── MATERIAL FOR THE TASK ──

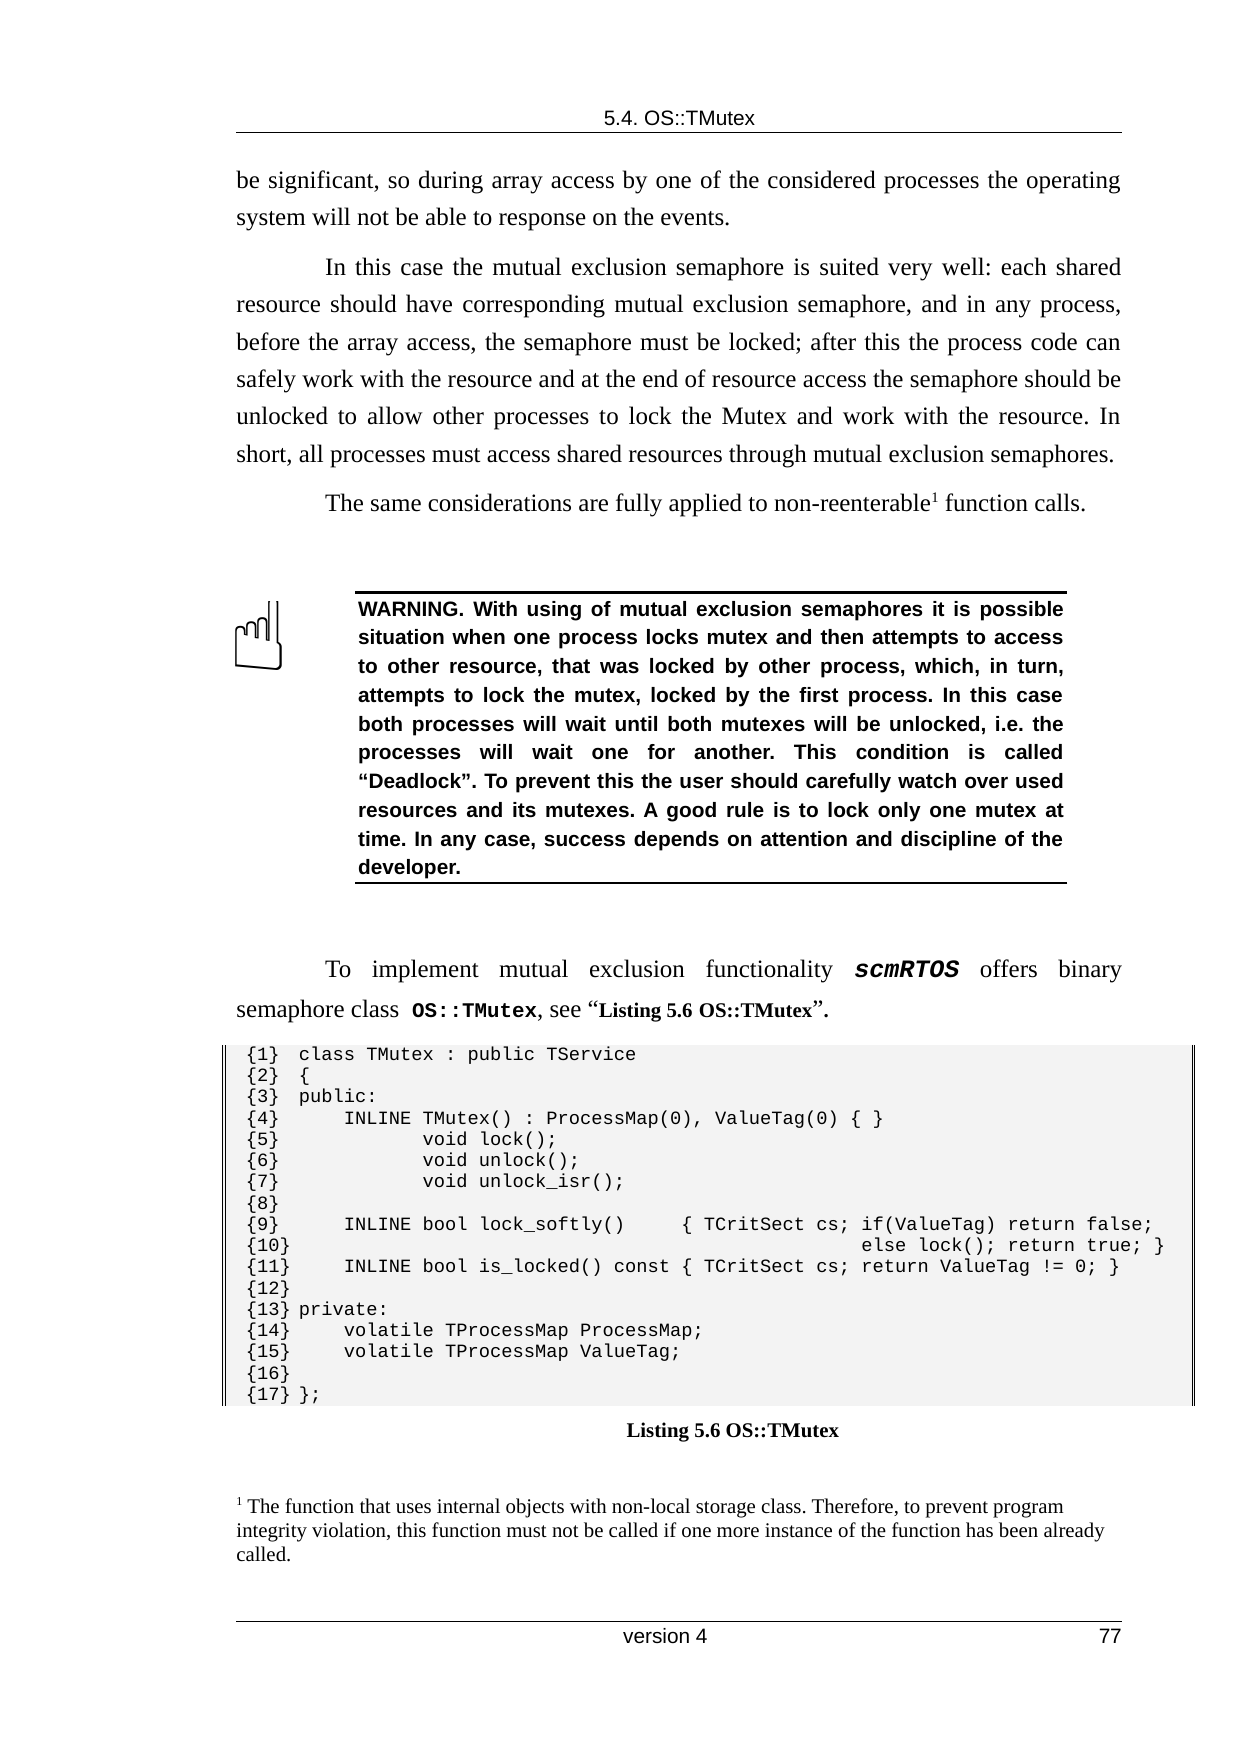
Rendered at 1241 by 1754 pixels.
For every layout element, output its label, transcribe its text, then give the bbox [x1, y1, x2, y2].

text Listing 5.6 OS::TMutex [343, 1418, 1122, 1442]
text WARNING. With using of mutual exclusion semaphores it is possible situation when one process locks mutex and then attempts to access to other resource, that was locked by other process, which, in turn, attempts to lock the mutex, locked by the first process. In this case both processes will wait until both mutexes will be unlocked, i.e. the processes will wait one for another. This condition is called “Deadlock”. To prevent this the user should carefully watch over used resources and its mutexes. A good rule is to lock only one mutex at time. In any case, success depends on attention and discipline of the developer. [355, 594, 1067, 882]
list volatile TProcessMap ValueTag; [226, 1342, 1192, 1363]
list void unlock(); [226, 1151, 1192, 1172]
text be significant, so during array access by one of the considered processes the operating system will not be able to response on the events. [236, 165, 1122, 231]
list { [226, 1066, 1192, 1087]
list INLINE TMutex() : ProcessMap(0), ValueTag(0) { } [226, 1108, 1192, 1130]
list INLINE bool is_locked() const { TCritSect cs; return ValueTag != 0; } [226, 1257, 1192, 1278]
list else lock(); return true; } [226, 1236, 1192, 1257]
list }; [226, 1385, 1192, 1406]
text The function that uses internal objects with non-local storage class. Therefore, to prevent program integrity violation, this function must not be called if one more instance of the function has been already called. [236, 1494, 1122, 1566]
list class TMutex : public TService [226, 1045, 1192, 1066]
list volatile TProcessMap ProcessMap; [226, 1321, 1192, 1342]
text  [229, 601, 321, 687]
text In this case the mutual exclusion semaphore is suited very well: each shared resource should have corresponding mutual exclusion semaphore, and in any process, before the array access, the semaphore must be locked; after this the process code can safely work with the resource and at the end of resource access the semaphore should be unlocked to allow other processes to lock the Mutex and work with the resource. In short, all processes must access shared resources through mutual exclusion semaphores. [236, 252, 1122, 467]
text To implement mutual exclusion functionality scmRTOS offers binary semaphore class OS::TMutex, see “Listing 5.6 OS::TMutex”. [236, 954, 1122, 1023]
text The same considerations are fully applied to non-reenterable function calls. [236, 488, 1122, 517]
list private: [226, 1300, 1192, 1321]
list void lock(); [226, 1130, 1192, 1151]
list public: [226, 1087, 1192, 1108]
list void unlock_isr(); [226, 1172, 1192, 1193]
list INLINE bool lock_softly() { TCritSect cs; if(ValueTag) return false; [226, 1215, 1192, 1236]

───

REQUIRED WORK: What you output should match the records line for line, minus the pictures.

RESPONSE TO THIS EXERCISE:
Rendered at 1241 by 1754 pixels.
For every layout element, output its label, transcribe its text, then give the bbox [x1, y1, x2, y2].

text Listing 5.6 OS::TMutex [343, 1418, 1122, 1442]
text WARNING. With using of mutual exclusion semaphores it is possible situation when one process locks mutex and then attempts to access to other resource, that was locked by other process, which, in turn, attempts to lock the mutex, locked by the first process. In this case both processes will wait until both mutexes will be unlocked, i.e. the processes will wait one for another. This condition is called “Deadlock”. To prevent this the user should carefully watch over used resources and its mutexes. A good rule is to lock only one mutex at time. In any case, success depends on attention and discipline of the developer. [355, 594, 1067, 882]
list volatile TProcessMap ValueTag; [226, 1342, 1192, 1363]
list void unlock(); [226, 1151, 1192, 1172]
text be significant, so during array access by one of the considered processes the operating system will not be able to response on the events. [236, 165, 1122, 231]
list { [226, 1066, 1192, 1087]
list INLINE TMutex() : ProcessMap(0), ValueTag(0) { } [226, 1108, 1192, 1130]
list INLINE bool is_locked() const { TCritSect cs; return ValueTag != 0; } [226, 1257, 1192, 1278]
list else lock(); return true; } [226, 1236, 1192, 1257]
list }; [226, 1385, 1192, 1406]
text The function that uses internal objects with non-local storage class. Therefore, to prevent program integrity violation, this function must not be called if one more instance of the function has been already called. [236, 1494, 1122, 1566]
list class TMutex : public TService [226, 1045, 1192, 1066]
list volatile TProcessMap ProcessMap; [226, 1321, 1192, 1342]
text  [229, 601, 321, 687]
text In this case the mutual exclusion semaphore is suited very well: each shared resource should have corresponding mutual exclusion semaphore, and in any process, before the array access, the semaphore must be locked; after this the process code can safely work with the resource and at the end of resource access the semaphore should be unlocked to allow other processes to lock the Mutex and work with the resource. In short, all processes must access shared resources through mutual exclusion semaphores. [236, 252, 1122, 467]
text To implement mutual exclusion functionality scmRTOS offers binary semaphore class OS::TMutex, see “Listing 5.6 OS::TMutex”. [236, 954, 1122, 1023]
text The same considerations are fully applied to non-reenterable function calls. [236, 488, 1122, 517]
list private: [226, 1300, 1192, 1321]
list void lock(); [226, 1130, 1192, 1151]
list public: [226, 1087, 1192, 1108]
list void unlock_isr(); [226, 1172, 1192, 1193]
list INLINE bool lock_softly() { TCritSect cs; if(ValueTag) return false; [226, 1215, 1192, 1236]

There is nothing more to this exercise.